I think a uniform prior is wrong for three reasons:
The uniform prior suggests we should be equally surprised if the underlying probability lies in the interval [0, 0.0001] as in [0.3456, 0.3457]. But this seems wrong. I can think of many process that give probabilities in the first interval — for example, any process that succeeds only in rare edge cases. In contrast, I couldn’t list any processes that give probabilities specifically around 0.3456. The uniform prior fails to capture the wide range of log-odds that occur in real-life processes.

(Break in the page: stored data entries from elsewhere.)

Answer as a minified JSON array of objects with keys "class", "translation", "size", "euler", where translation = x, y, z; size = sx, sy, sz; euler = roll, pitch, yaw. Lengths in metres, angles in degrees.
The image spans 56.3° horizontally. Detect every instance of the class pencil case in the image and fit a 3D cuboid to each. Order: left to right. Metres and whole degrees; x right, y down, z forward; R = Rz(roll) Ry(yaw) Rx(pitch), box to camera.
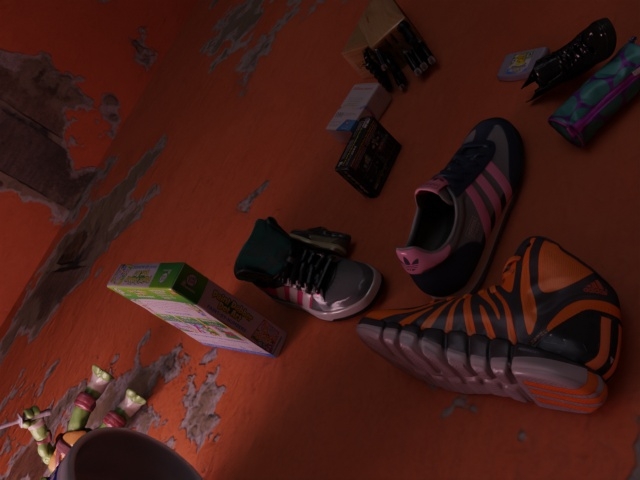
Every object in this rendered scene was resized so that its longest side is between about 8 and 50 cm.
[{"class":"pencil case","translation":[0.389,-0.199,0.819],"size":[0.152,0.064,0.070],"euler":[-46,5,10]}]

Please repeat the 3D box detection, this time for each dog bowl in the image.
[{"class":"dog bowl","translation":[-0.270,0.400,0.857],"size":[0.104,0.265,0.265],"euler":[-51,33,5]}]

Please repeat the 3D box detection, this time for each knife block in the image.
[{"class":"knife block","translation":[0.173,-0.444,1.285],"size":[0.242,0.088,0.276],"euler":[4,62,51]}]

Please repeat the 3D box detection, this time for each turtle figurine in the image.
[{"class":"turtle figurine","translation":[-0.486,0.383,1.171],"size":[0.197,0.275,0.266],"euler":[15,61,38]}]

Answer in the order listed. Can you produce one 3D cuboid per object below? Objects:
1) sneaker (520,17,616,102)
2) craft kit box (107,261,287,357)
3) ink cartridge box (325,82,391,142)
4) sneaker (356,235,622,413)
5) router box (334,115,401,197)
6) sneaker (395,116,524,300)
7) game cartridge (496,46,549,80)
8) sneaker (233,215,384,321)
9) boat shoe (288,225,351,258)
[{"class":"sneaker","translation":[0.356,-0.258,0.872],"size":[0.089,0.051,0.170],"euler":[-23,-6,2]},{"class":"craft kit box","translation":[-0.225,0.124,1.080],"size":[0.249,0.246,0.061],"euler":[-3,58,48]},{"class":"ink cartridge box","translation":[0.081,-0.268,1.260],"size":[0.088,0.052,0.122],"euler":[20,76,55]},{"class":"sneaker","translation":[0.204,0.090,0.738],"size":[0.321,0.124,0.180],"euler":[5,58,40]},{"class":"router box","translation":[0.089,-0.154,1.106],"size":[0.038,0.092,0.122],"euler":[3,60,51]},{"class":"sneaker","translation":[0.203,-0.072,0.860],"size":[0.112,0.131,0.319],"euler":[-7,54,47]},{"class":"game cartridge","translation":[0.341,-0.297,1.013],"size":[0.083,0.017,0.056],"euler":[6,67,52]},{"class":"sneaker","translation":[-0.045,0.038,1.007],"size":[0.295,0.178,0.124],"euler":[0,58,49]},{"class":"boat shoe","translation":[0.000,0.000,1.109],"size":[0.152,0.056,0.049],"euler":[16,66,44]}]
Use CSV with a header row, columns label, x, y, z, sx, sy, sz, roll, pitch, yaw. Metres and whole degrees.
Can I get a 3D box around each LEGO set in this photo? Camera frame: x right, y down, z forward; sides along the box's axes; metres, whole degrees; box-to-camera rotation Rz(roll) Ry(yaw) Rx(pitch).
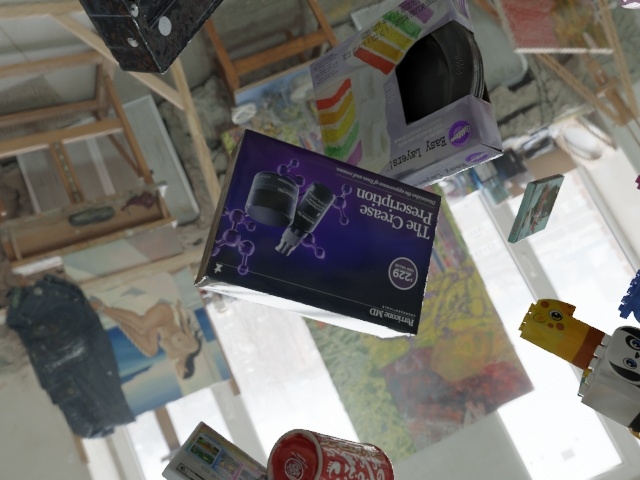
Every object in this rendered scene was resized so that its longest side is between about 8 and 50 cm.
label,x,y,z,sx,sy,sz,roll,pitch,yaw
LEGO set,0.182,0.038,0.376,0.227,0.093,0.087,-45,153,-40

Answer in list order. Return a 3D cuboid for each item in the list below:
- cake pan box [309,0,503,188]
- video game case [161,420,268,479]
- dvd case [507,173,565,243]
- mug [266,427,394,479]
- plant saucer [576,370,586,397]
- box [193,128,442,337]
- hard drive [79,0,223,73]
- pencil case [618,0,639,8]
label,x,y,z,sx,sy,sz,roll,pitch,yaw
cake pan box,0.112,-0.194,0.879,0.267,0.246,0.070,-20,164,41
video game case,-0.122,0.320,0.832,0.019,0.157,0.143,-54,179,9
dvd case,0.302,-0.046,0.870,0.119,0.013,0.087,-14,125,-49
mug,-0.002,0.325,0.867,0.150,0.113,0.169,-11,149,33
plant saucer,0.658,0.335,1.337,0.192,0.067,0.018,17,173,18
box,0.000,0.000,0.766,0.261,0.184,0.103,17,167,-15
hard drive,-0.171,-0.352,0.537,0.064,0.237,0.339,11,147,24
pencil case,0.312,-0.174,0.326,0.284,0.124,0.124,10,179,19
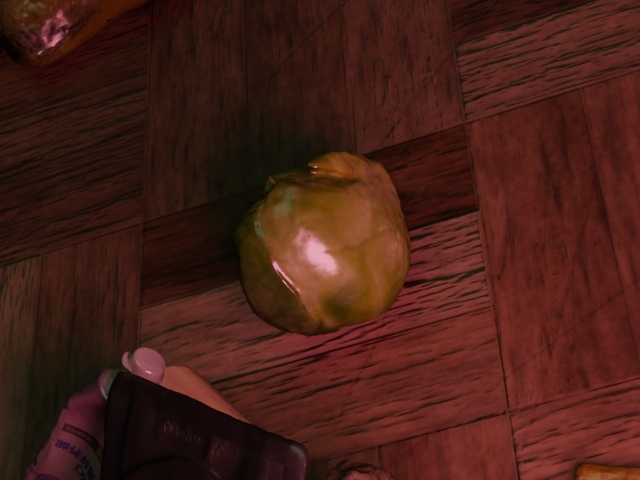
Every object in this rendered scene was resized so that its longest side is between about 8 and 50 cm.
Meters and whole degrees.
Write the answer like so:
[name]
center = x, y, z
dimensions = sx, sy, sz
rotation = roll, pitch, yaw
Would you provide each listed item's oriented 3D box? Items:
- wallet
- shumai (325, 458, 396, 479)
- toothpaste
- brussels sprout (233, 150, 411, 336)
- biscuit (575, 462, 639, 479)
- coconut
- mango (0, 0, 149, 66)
[wallet]
center = -0.104, 0.271, 1.176
dimensions = 0.247, 0.041, 0.323
rotation = 14, 98, 52
[shumai]
center = -0.015, 0.266, 1.206
dimensions = 0.175, 0.166, 0.206
rotation = -16, 26, 24
[toothpaste]
center = -0.205, 0.189, 1.346
dimensions = 0.075, 0.048, 0.301
rotation = 55, 127, 24
[brussels sprout]
center = 0.004, 0.007, 1.435
dimensions = 0.131, 0.145, 0.183
rotation = -30, -5, 35
[biscuit]
center = 0.219, 0.201, 1.233
dimensions = 0.081, 0.018, 0.083
rotation = 1, 52, 29
[coconut]
center = -0.122, 0.162, 1.374
dimensions = 0.116, 0.116, 0.122
rotation = -41, 47, -11
[mango]
center = -0.232, -0.332, 1.851
dimensions = 0.329, 0.175, 0.176
rotation = -46, 19, 12

Under the uniform prior, the process is almost surely not deterministic — i.e. there is zero prior likelihood of p being exactly 0.0 or 1.0. This seems wrong. Among probabilistic programs that generate binary outcomes, there are very simple deterministic ones (e.g. “always output 0” or “always output 1″). An appropriate prior should have nonzero prior probability on these simple programs.
The uniform prior assigns zero likelihood to simple fractions like p=1/2 or p=5/6. This too seems wrong — simple rational probabilities should have higher weight. To fix this, we should mix in the Thomae distribution, which adds a weight (m·n)^(-α) to each fraction m/(m+n) for every pair 1 ≤ m,n ≤ 100.
I propose this mixture distribution:
w1 * logistic-normal(0, sigma^2) + w2 * 0.5(dirac(0) + dirac(1)) + w3 * thomae_{100}(α) + w4 * uniform(0,1)
where:
The first term captures logistic transformations of normal variables (weight w1), resolving the issue that probabilities should be spread across log-odds
The second term captures deterministic programs (weight w2), allowing for exactly zero and one
The third term captures rational probabilities with simple fractions (weight w3), giving weight to simple ratios
The fourth term captures uniform random number comparisons (weight w4), corresponding to Laplace’s original prior
Ideally, our prior should be a mixture of every possible probabilistic program, weighted by 2^(-K) where K is its Kolmogorov complexity. This would properly capture our preference for simple mechanisms. However, such a distribution is impossible to represent, compute, or apply. Instead, I propose my prior as a tractable distribution that resolves what I think are the most egregious problems with Laplace’s law of succession.
Now that I’ve found the appropriate approximation for the universal prior over binary outcomes, the path to solving induction is clear. First, we’ll extend this to pairs of binary outcomes, then triples, and so on. I expect to have sequence of length 10 nailed by Tuesday, and full Solomonoff Induction by Q1 2025.
I’ve built an interactive demo to explore this distribution. The default parameters (w1=0.3, w2=0.1, w3=0.3, w4=0.3, sigma=5, alpha=2) reflect my intuition about the relative frequency of these different types of programs in practice. This gives a more realistic prior for many real-world scenarios where we’re trying to infer the behavior of unknown processes that might be deterministic, fair, or genuinely random in various ways. What do you think? Is there a simple model which serves as a better prior?